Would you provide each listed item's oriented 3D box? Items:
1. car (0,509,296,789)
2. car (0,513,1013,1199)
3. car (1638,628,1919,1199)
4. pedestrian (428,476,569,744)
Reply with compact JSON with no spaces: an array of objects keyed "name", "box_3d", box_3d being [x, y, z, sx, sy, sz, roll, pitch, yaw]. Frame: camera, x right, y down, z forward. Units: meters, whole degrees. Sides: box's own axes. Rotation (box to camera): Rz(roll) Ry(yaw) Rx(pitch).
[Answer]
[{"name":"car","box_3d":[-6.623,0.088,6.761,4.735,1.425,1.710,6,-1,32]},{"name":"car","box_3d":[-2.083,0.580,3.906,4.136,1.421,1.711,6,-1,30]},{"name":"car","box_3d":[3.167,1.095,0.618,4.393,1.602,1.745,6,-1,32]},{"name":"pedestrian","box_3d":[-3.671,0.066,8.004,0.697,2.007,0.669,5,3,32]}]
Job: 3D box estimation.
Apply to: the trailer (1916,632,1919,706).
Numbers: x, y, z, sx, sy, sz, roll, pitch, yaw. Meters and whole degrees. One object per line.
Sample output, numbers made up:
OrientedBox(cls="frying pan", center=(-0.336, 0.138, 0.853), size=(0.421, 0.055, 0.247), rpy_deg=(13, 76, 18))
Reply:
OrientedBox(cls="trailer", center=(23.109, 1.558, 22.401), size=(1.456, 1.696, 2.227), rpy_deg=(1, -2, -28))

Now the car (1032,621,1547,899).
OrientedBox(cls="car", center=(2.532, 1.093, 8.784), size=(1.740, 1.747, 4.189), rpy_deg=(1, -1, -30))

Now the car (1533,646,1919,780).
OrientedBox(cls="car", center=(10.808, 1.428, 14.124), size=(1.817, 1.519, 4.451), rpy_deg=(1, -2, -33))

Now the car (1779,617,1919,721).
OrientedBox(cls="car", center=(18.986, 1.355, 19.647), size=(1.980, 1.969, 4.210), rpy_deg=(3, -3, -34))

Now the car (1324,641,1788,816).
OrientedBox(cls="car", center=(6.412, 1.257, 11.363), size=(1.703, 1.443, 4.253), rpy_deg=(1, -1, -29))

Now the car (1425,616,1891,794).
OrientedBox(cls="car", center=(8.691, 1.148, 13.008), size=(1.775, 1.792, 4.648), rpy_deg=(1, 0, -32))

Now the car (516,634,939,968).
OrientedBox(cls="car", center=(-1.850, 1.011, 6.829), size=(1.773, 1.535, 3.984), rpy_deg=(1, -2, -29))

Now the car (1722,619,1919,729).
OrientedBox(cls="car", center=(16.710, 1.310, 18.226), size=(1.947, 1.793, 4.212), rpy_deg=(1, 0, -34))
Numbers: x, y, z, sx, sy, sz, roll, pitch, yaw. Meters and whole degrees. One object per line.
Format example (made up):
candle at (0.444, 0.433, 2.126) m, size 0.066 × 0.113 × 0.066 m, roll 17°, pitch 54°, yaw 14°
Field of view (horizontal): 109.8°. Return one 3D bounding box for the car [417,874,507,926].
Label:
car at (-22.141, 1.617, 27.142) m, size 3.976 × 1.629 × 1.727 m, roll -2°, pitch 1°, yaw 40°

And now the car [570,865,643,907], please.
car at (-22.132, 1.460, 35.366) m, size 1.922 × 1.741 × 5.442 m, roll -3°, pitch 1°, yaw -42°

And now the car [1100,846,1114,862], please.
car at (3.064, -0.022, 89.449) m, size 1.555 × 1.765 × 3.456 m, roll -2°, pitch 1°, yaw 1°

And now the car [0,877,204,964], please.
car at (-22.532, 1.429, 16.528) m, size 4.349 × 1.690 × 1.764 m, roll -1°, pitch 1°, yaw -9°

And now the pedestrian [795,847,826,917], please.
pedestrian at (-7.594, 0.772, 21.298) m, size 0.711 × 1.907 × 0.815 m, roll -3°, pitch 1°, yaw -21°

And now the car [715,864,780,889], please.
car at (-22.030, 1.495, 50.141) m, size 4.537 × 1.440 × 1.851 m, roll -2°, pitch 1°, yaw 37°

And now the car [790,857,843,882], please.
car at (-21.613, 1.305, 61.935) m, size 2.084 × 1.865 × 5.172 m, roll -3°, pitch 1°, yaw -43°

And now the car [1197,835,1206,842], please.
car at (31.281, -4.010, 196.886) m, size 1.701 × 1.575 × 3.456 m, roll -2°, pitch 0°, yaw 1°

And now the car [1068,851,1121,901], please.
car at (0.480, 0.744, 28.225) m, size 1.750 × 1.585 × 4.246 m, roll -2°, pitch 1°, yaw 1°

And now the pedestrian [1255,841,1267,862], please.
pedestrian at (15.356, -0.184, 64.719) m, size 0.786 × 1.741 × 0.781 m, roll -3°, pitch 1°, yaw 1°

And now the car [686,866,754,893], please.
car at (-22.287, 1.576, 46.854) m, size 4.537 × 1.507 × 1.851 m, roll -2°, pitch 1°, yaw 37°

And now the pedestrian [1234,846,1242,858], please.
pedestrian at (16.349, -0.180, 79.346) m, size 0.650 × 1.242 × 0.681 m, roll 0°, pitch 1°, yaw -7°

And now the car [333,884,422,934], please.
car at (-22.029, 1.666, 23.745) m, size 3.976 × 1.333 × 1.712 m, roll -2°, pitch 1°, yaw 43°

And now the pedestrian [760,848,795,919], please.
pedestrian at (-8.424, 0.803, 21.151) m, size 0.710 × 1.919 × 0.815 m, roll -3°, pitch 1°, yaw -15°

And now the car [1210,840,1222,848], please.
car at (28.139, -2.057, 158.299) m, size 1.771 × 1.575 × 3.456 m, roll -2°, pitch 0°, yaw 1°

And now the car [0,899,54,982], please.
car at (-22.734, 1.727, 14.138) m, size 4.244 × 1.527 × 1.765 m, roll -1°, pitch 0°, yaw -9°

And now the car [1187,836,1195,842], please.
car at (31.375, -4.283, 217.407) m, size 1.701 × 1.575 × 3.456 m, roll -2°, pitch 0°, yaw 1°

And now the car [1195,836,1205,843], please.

§ **ABOUT THIS TASK**
Repeat each record above precisely as written.

§ **SOLUTION**
Would you provide each listed item's oriented 3D box? Items:
1. car (0,509,296,789)
2. car (0,513,1013,1199)
3. car (1638,628,1919,1199)
4. pedestrian (428,476,569,744)
Reply with compact JSON with no spaces: an array of objects keyed "name", "box_3d", box_3d being [x, y, z, sx, sy, sz, roll, pitch, yaw]. Frame: camera, x right, y down, z forward. Units: meters, whole degrees. Sides: box's own axes. Rotation (box to camera): Rz(roll) Ry(yaw) Rx(pitch).
[Answer]
[{"name":"car","box_3d":[-6.623,0.088,6.761,4.735,1.425,1.710,6,-1,32]},{"name":"car","box_3d":[-2.083,0.580,3.906,4.136,1.421,1.711,6,-1,30]},{"name":"car","box_3d":[3.167,1.095,0.618,4.393,1.602,1.745,6,-1,32]},{"name":"pedestrian","box_3d":[-3.671,0.066,8.004,0.697,2.007,0.669,5,3,32]}]
Job: 3D box estimation.
Apply to: the trailer (1916,632,1919,706).
Numbers: x, y, z, sx, sy, sz, roll, pitch, yaw. Meters and whole degrees. One object per line.
Sample output, numbers made up:
OrientedBox(cls="frying pan", center=(-0.336, 0.138, 0.853), size=(0.421, 0.055, 0.247), rpy_deg=(13, 76, 18))
Reply:
OrientedBox(cls="trailer", center=(23.109, 1.558, 22.401), size=(1.456, 1.696, 2.227), rpy_deg=(1, -2, -28))

Now the car (1032,621,1547,899).
OrientedBox(cls="car", center=(2.532, 1.093, 8.784), size=(1.740, 1.747, 4.189), rpy_deg=(1, -1, -30))

Now the car (1533,646,1919,780).
OrientedBox(cls="car", center=(10.808, 1.428, 14.124), size=(1.817, 1.519, 4.451), rpy_deg=(1, -2, -33))

Now the car (1779,617,1919,721).
OrientedBox(cls="car", center=(18.986, 1.355, 19.647), size=(1.980, 1.969, 4.210), rpy_deg=(3, -3, -34))

Now the car (1324,641,1788,816).
OrientedBox(cls="car", center=(6.412, 1.257, 11.363), size=(1.703, 1.443, 4.253), rpy_deg=(1, -1, -29))

Now the car (1425,616,1891,794).
OrientedBox(cls="car", center=(8.691, 1.148, 13.008), size=(1.775, 1.792, 4.648), rpy_deg=(1, 0, -32))

Now the car (516,634,939,968).
OrientedBox(cls="car", center=(-1.850, 1.011, 6.829), size=(1.773, 1.535, 3.984), rpy_deg=(1, -2, -29))

Now the car (1722,619,1919,729).
OrientedBox(cls="car", center=(16.710, 1.310, 18.226), size=(1.947, 1.793, 4.212), rpy_deg=(1, 0, -34))
Numbers: x, y, z, sx, sy, sz, roll, pitch, yaw. Meters and whole degrees. One object per line.
Format example (made up):
candle at (0.444, 0.433, 2.126) m, size 0.066 × 0.113 × 0.066 m, roll 17°, pitch 54°, yaw 14°
Field of view (horizontal): 109.8°. Return one 3D bounding box for the car [417,874,507,926].
Label:
car at (-22.141, 1.617, 27.142) m, size 3.976 × 1.629 × 1.727 m, roll -2°, pitch 1°, yaw 40°

And now the car [570,865,643,907], please.
car at (-22.132, 1.460, 35.366) m, size 1.922 × 1.741 × 5.442 m, roll -3°, pitch 1°, yaw -42°

And now the car [1100,846,1114,862], please.
car at (3.064, -0.022, 89.449) m, size 1.555 × 1.765 × 3.456 m, roll -2°, pitch 1°, yaw 1°

And now the car [0,877,204,964], please.
car at (-22.532, 1.429, 16.528) m, size 4.349 × 1.690 × 1.764 m, roll -1°, pitch 1°, yaw -9°

And now the pedestrian [795,847,826,917], please.
pedestrian at (-7.594, 0.772, 21.298) m, size 0.711 × 1.907 × 0.815 m, roll -3°, pitch 1°, yaw -21°

And now the car [715,864,780,889], please.
car at (-22.030, 1.495, 50.141) m, size 4.537 × 1.440 × 1.851 m, roll -2°, pitch 1°, yaw 37°

And now the car [790,857,843,882], please.
car at (-21.613, 1.305, 61.935) m, size 2.084 × 1.865 × 5.172 m, roll -3°, pitch 1°, yaw -43°

And now the car [1197,835,1206,842], please.
car at (31.281, -4.010, 196.886) m, size 1.701 × 1.575 × 3.456 m, roll -2°, pitch 0°, yaw 1°

And now the car [1068,851,1121,901], please.
car at (0.480, 0.744, 28.225) m, size 1.750 × 1.585 × 4.246 m, roll -2°, pitch 1°, yaw 1°

And now the pedestrian [1255,841,1267,862], please.
pedestrian at (15.356, -0.184, 64.719) m, size 0.786 × 1.741 × 0.781 m, roll -3°, pitch 1°, yaw 1°

And now the car [686,866,754,893], please.
car at (-22.287, 1.576, 46.854) m, size 4.537 × 1.507 × 1.851 m, roll -2°, pitch 1°, yaw 37°

And now the pedestrian [1234,846,1242,858], please.
pedestrian at (16.349, -0.180, 79.346) m, size 0.650 × 1.242 × 0.681 m, roll 0°, pitch 1°, yaw -7°

And now the car [333,884,422,934], please.
car at (-22.029, 1.666, 23.745) m, size 3.976 × 1.333 × 1.712 m, roll -2°, pitch 1°, yaw 43°

And now the pedestrian [760,848,795,919], please.
pedestrian at (-8.424, 0.803, 21.151) m, size 0.710 × 1.919 × 0.815 m, roll -3°, pitch 1°, yaw -15°

And now the car [1210,840,1222,848], please.
car at (28.139, -2.057, 158.299) m, size 1.771 × 1.575 × 3.456 m, roll -2°, pitch 0°, yaw 1°

And now the car [0,899,54,982], please.
car at (-22.734, 1.727, 14.138) m, size 4.244 × 1.527 × 1.765 m, roll -1°, pitch 0°, yaw -9°

And now the car [1187,836,1195,842], please.
car at (31.375, -4.283, 217.407) m, size 1.701 × 1.575 × 3.456 m, roll -2°, pitch 0°, yaw 1°

And now the car [1195,836,1205,843], please.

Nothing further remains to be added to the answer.